> Supplied entries:
---------------
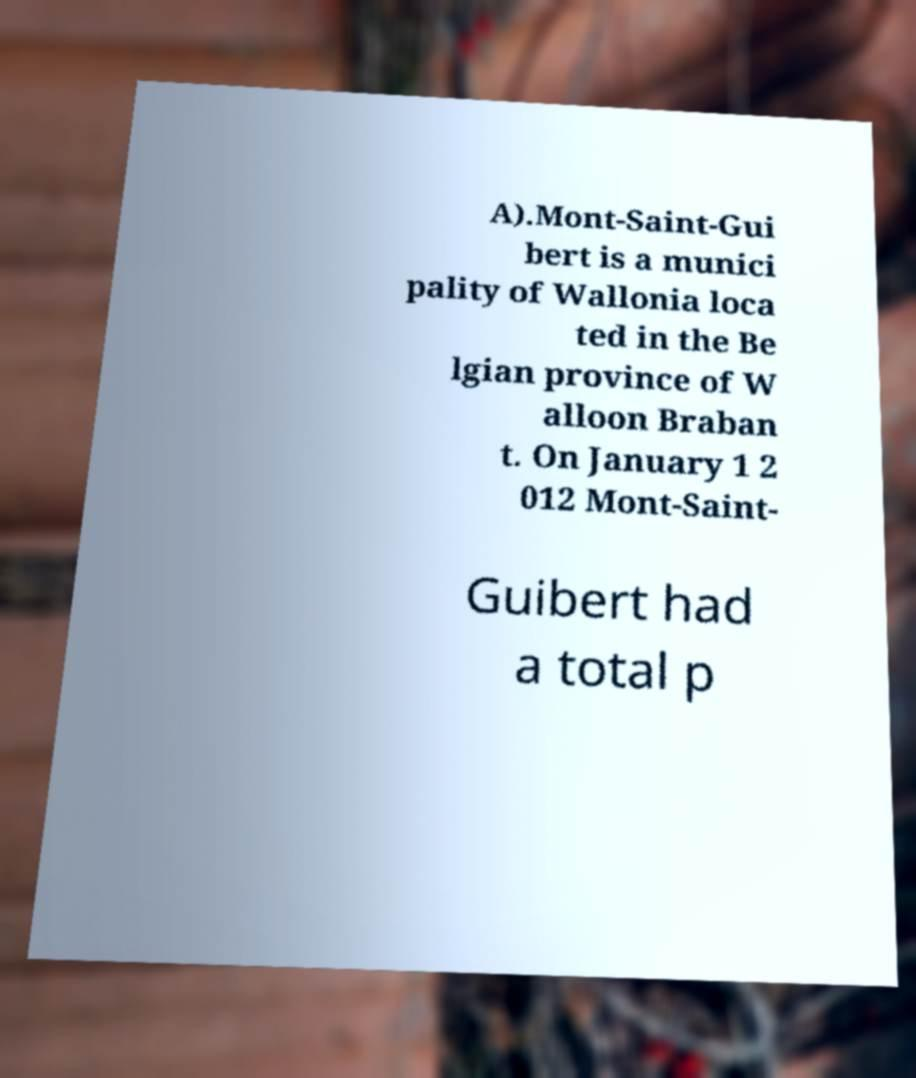Can you read and provide the text displayed in the image?This photo seems to have some interesting text. Can you extract and type it out for me? A).Mont-Saint-Gui bert is a munici pality of Wallonia loca ted in the Be lgian province of W alloon Braban t. On January 1 2 012 Mont-Saint- Guibert had a total p 
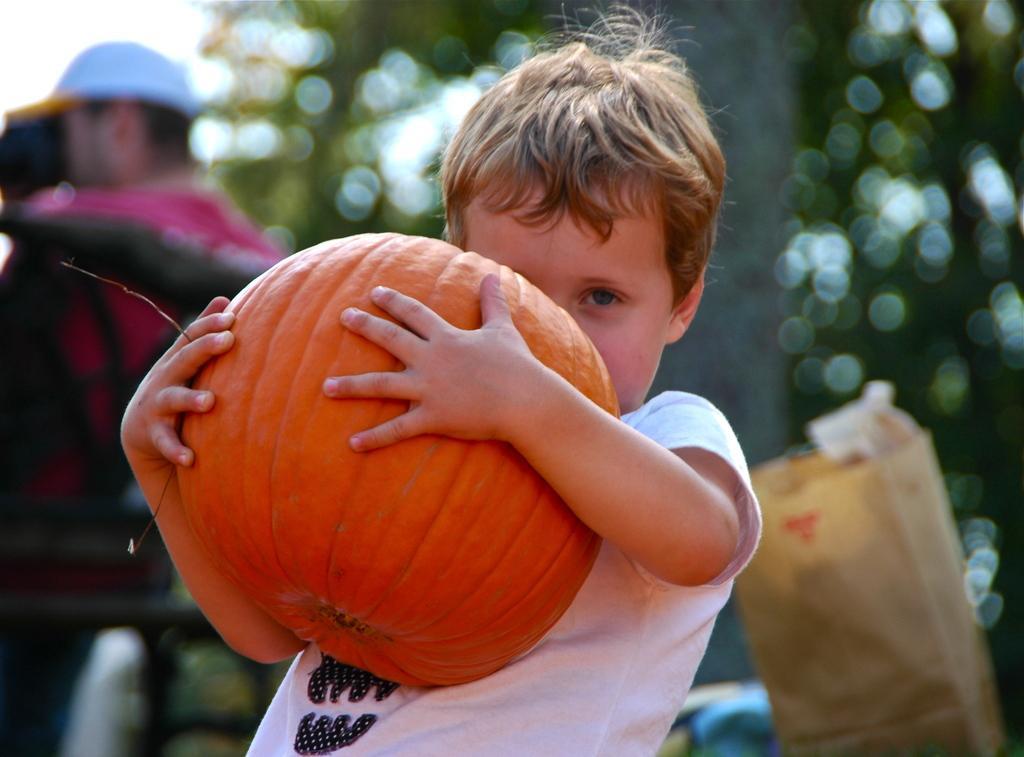Could you give a brief overview of what you see in this image? As we can see in the image there is a boy wearing white color t shirt and holding pumpkin. In the background there are few people, trees and sky. The background is little blurred. 
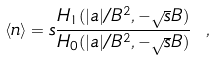<formula> <loc_0><loc_0><loc_500><loc_500>\langle n \rangle = s { \frac { H _ { 1 } ( | a | / B ^ { 2 } , - \sqrt { s } B ) } { H _ { 0 } ( | a | / B ^ { 2 } , - \sqrt { s } B ) } } \ ,</formula> 
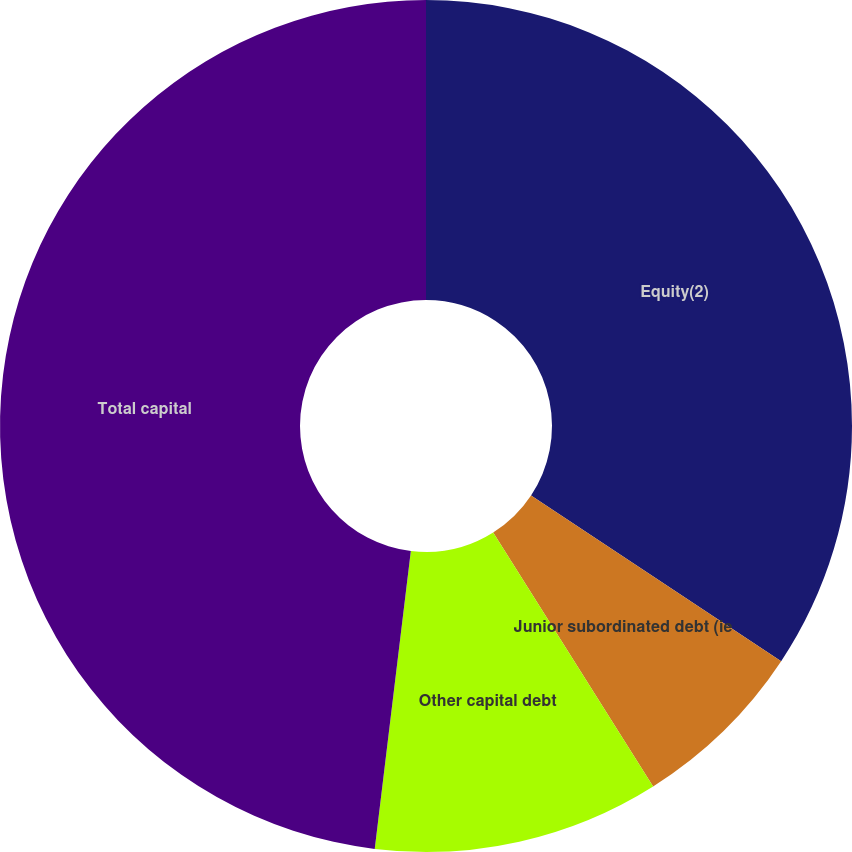Convert chart to OTSL. <chart><loc_0><loc_0><loc_500><loc_500><pie_chart><fcel>Equity(2)<fcel>Junior subordinated debt (ie<fcel>Other capital debt<fcel>Total capital<nl><fcel>34.31%<fcel>6.74%<fcel>10.87%<fcel>48.08%<nl></chart> 
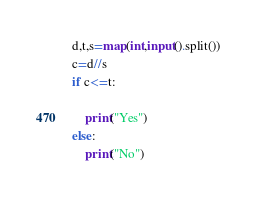<code> <loc_0><loc_0><loc_500><loc_500><_Python_>d,t,s=map(int,input().split())
c=d//s
if c<=t:

    print("Yes")
else:
    print("No")</code> 
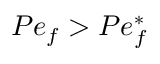Convert formula to latex. <formula><loc_0><loc_0><loc_500><loc_500>P e _ { f } > P e _ { f } ^ { \ast }</formula> 
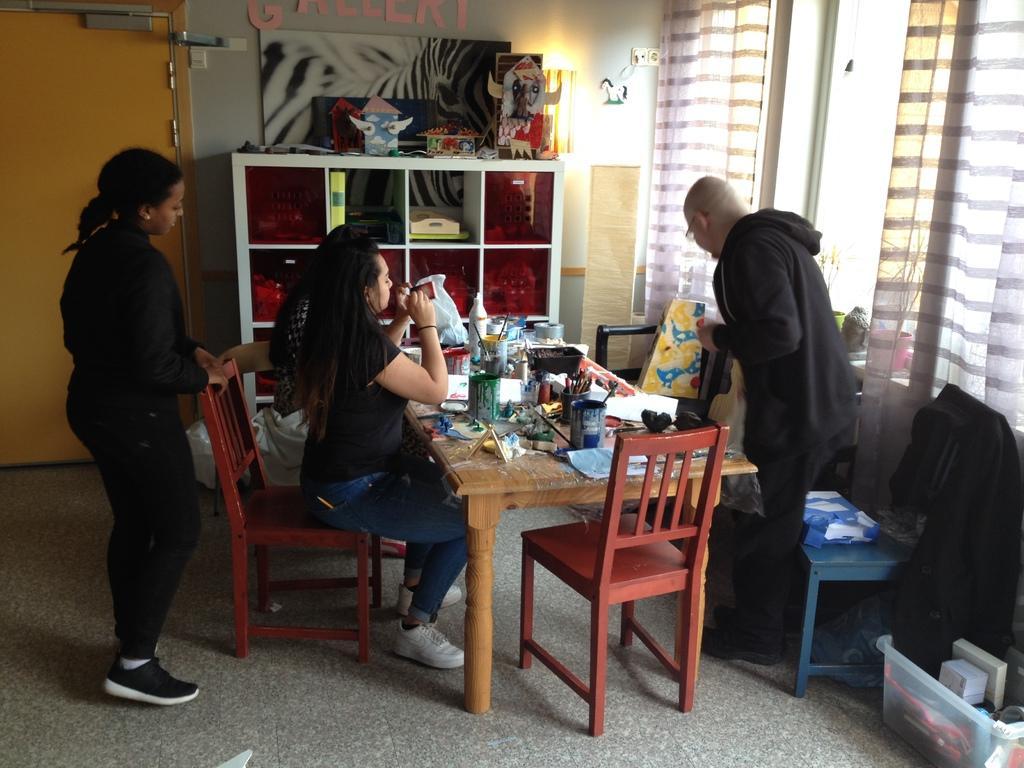Could you give a brief overview of what you see in this image? This is a picture in a room, in this picture there are a two of people who are sitting on a chair and two who standing on the floor. In front of this three people there is a table on the table there is a painting box, paints bottles. Backside of this people there is a shelf and a wall and a yellow color window. 
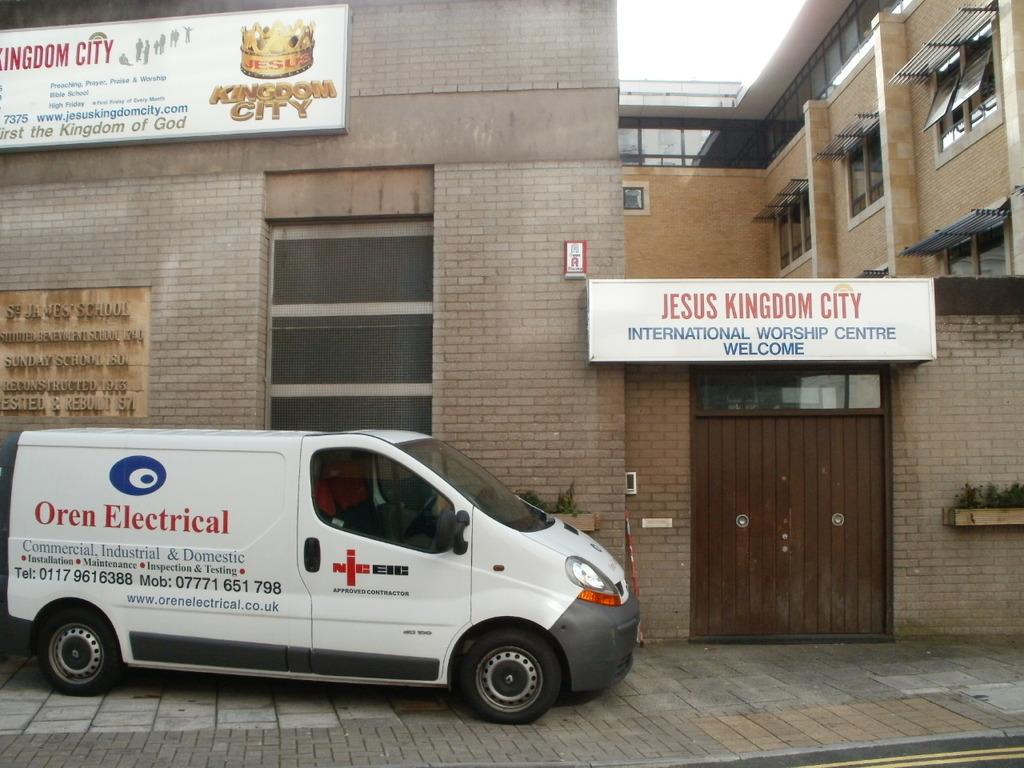What electrical company is the van from?
Your answer should be compact. Oren electrical. What is the sign welcoming people to?
Give a very brief answer. Jesus kingdom city.
---------------
> Work task:
Exact copy, pictures omitted: every line from the one holding "yellow color window." through the last line of the data above, and nothing else.

> Exercise answer:
Could you give a brief overview of what you see in this image? This is a picture in a room, in this picture there are a two of people who are sitting on a chair and two who standing on the floor. In front of this three people there is a table on the table there is a painting box, paints bottles. Backside of this people there is a shelf and a wall and a yellow color window. 
What electrical company is the van from?
Your answer should be compact. Oren electrical. What is the sign welcoming people to?
Give a very brief answer. Jesus kingdom city.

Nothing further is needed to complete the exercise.